A recession is coming. With the sudden 1000+ point drop in the Dow Jones Industrial Average today, following another major devaluation of China’s currency (8 percent? My God, 8 percent?), and the incessant weaknesses in the U.S. labor force during this weakest of all recoveries, the signs of a new recession are all here. But remember, a recession is always coming.
The first instinct is to wonder if the Federal Reserve should press ahead with raising the core interest rate during its September meeting. To do so in the face of so much volatility — and what feels like an imminent recession — seems to be completely counter to the basic folk wisdom of monetary policy. A central bank should lower, not raise, interest rates during the down cycle, right? I suppose that folk wisdom is correct, but beware panic thinking. Some thoughts, very briefly:
- Just because the stock valuations are volatile does not mean the US economy is recessing. That’s a huge leap. Indeed, the quick bounce back in stock prices today shows that there are plenty of buyers ready to scoop up equity from panic sellers. Don’t lose sight of low unemployment, steady GDP growth, and other fundamentals.

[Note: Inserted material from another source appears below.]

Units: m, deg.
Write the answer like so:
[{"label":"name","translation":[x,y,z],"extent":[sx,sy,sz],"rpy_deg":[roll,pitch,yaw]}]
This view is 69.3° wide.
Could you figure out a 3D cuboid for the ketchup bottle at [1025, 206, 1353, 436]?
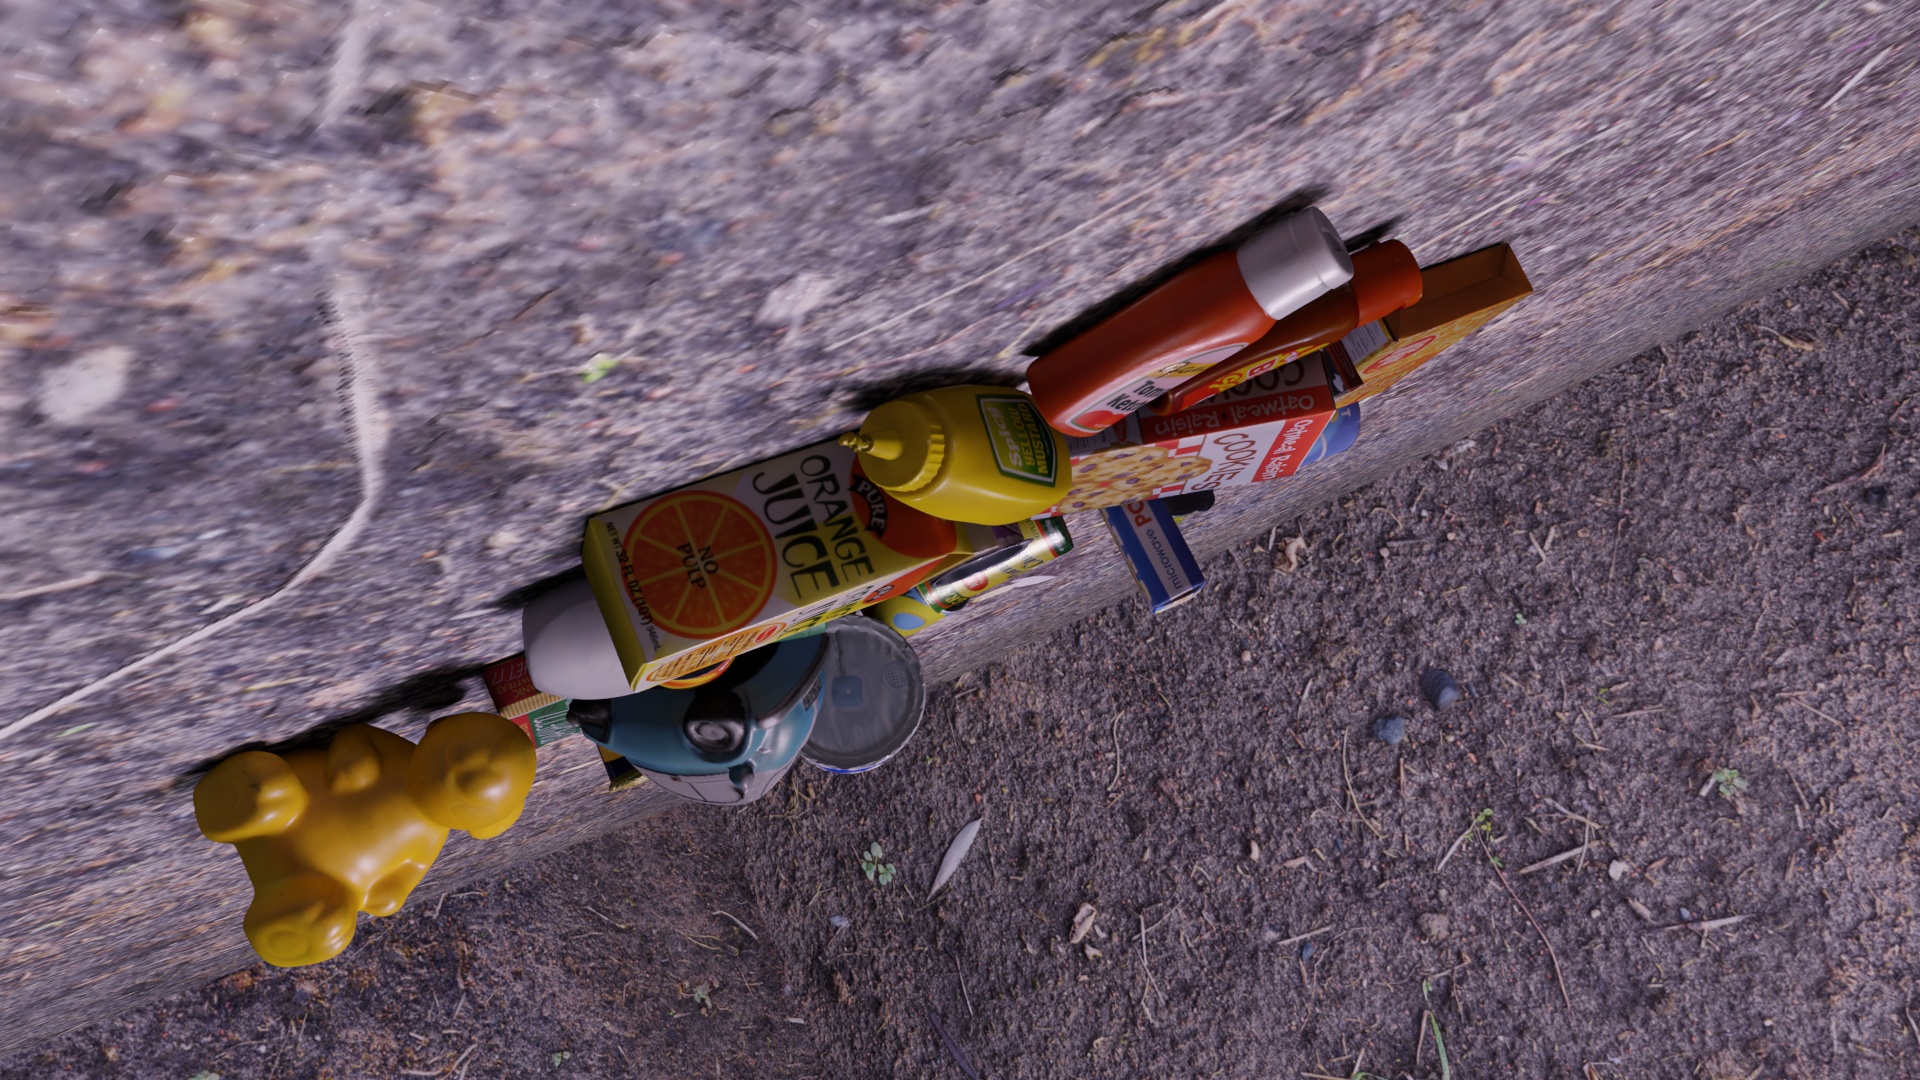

- China’s devaluation (and the weakness in oil and other commodity prices) confirms global weaknesses. At a minimum, these signs indicate that other leading economies are weaker than the U.S. economy.
- Both previous points beg the question why U.S. interest rates are set to zero. I would argue that the zero rate has many large, second order costs. It is a major burden on other currencies, for one. By keeping US rates low, the Fed is effectively weakening the dollar relative to other currencies. There is no escaping the fact that the Fed is a central player in the currency trials — putting pressure on China, Japan, and Europe to keep their rates (and pegs) lower still. That seems destabilizing to me, and the blowback is finally here.
I think the Fed missed its optimal moment to raise rates. Zero was and still is too stimulative. A healthier U.S. economy demands a return to normalcy with interest rates, and I’m frustrated that the insistence on high asset prices may cause a crash. Today was a warning. Let’s hope it is not too late for the Fed to get rates normal.